His question is one of control, not money. The OP wants to control his life
and his product.

Truth is, products don't last forever. They require maintenance and support,
marketing, infrastructure, pricing, and a whole lot of other things a few guys
focused on development aren't thinking about right now.

A lot of cash in the pocket = a lot of time to think.

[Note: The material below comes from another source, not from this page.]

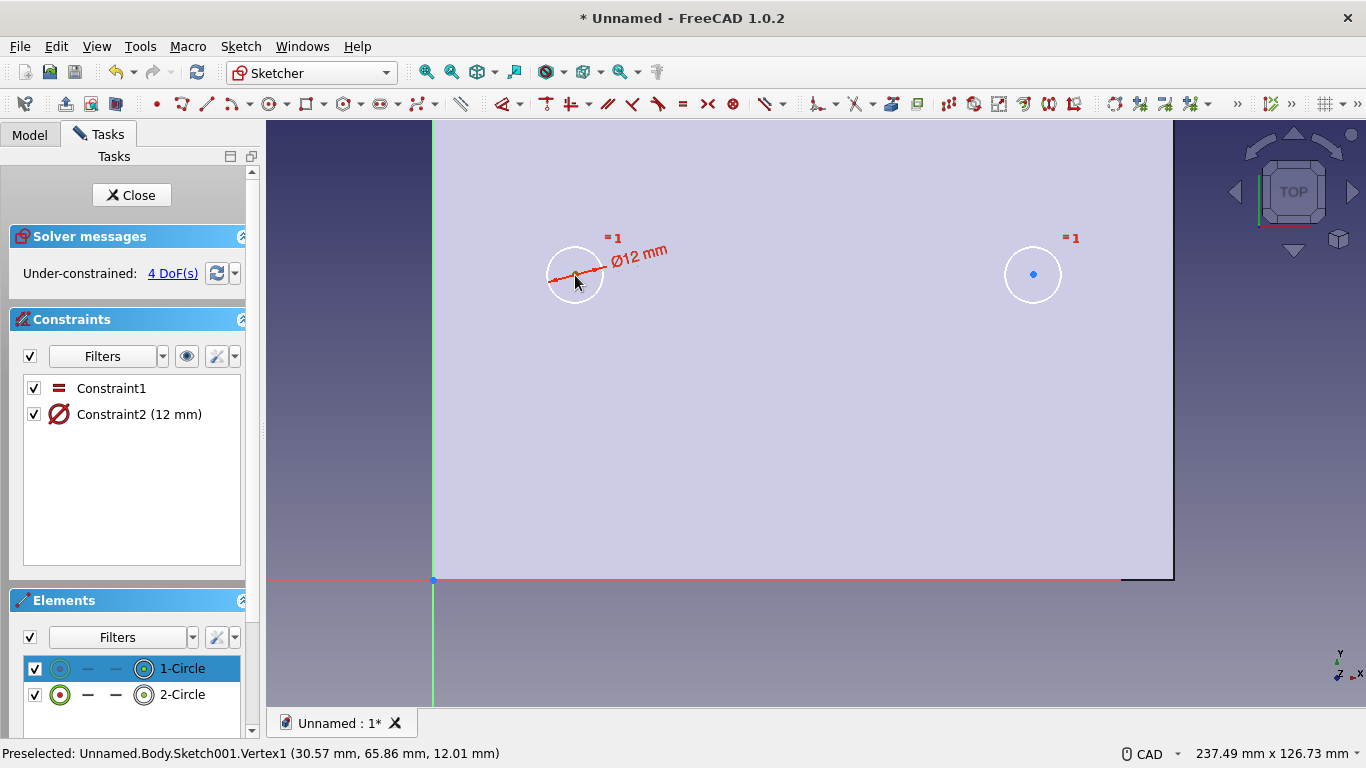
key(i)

I'm not saying they should sell, I'm just saying that I don't understand why
you are bringing money into it when money wasn't a factor for the author.

------
khangtoh
"The money is fair enough"

That I feel roughly translates to the "money wasn't what we expected". A lot
of acquisitions really boils down to the money factor, no startup will ever
reject a good offer, since that's pretty much one of most common exit
strategy.

If the money was really "fair enough", then this question wouldn't have been
posted in the first place. So in their case, it's a matter of weighing the
offer vs what they think their startup is worth at this point. So again
negotiation 101, never accept the first accept, reply with a counter offer
with a price that you feel is "fair enough". If they did not take your counter
offer, no harm done, you just keep bootstrapping.

------
rmason
Do you know what percentage of startups bought by big corporations turn out
failures? Probably a much higher number than those that end up successfully
making tens of millions of dollars.

These guys need advice from a seasoned software entrepreneur (or two) what
their particular chances might be,, not from the "peanut gallery" on SlashDot.

There's probably a 75% chance they should in the words of one commenter "take
the money and run".

------
marcofloriano
Don´t Sell. Money is not the best reason to sell. You guys have to achieve
your best, it´s far important than money. So if you feel that you wont reach
your best selling, stay far from they.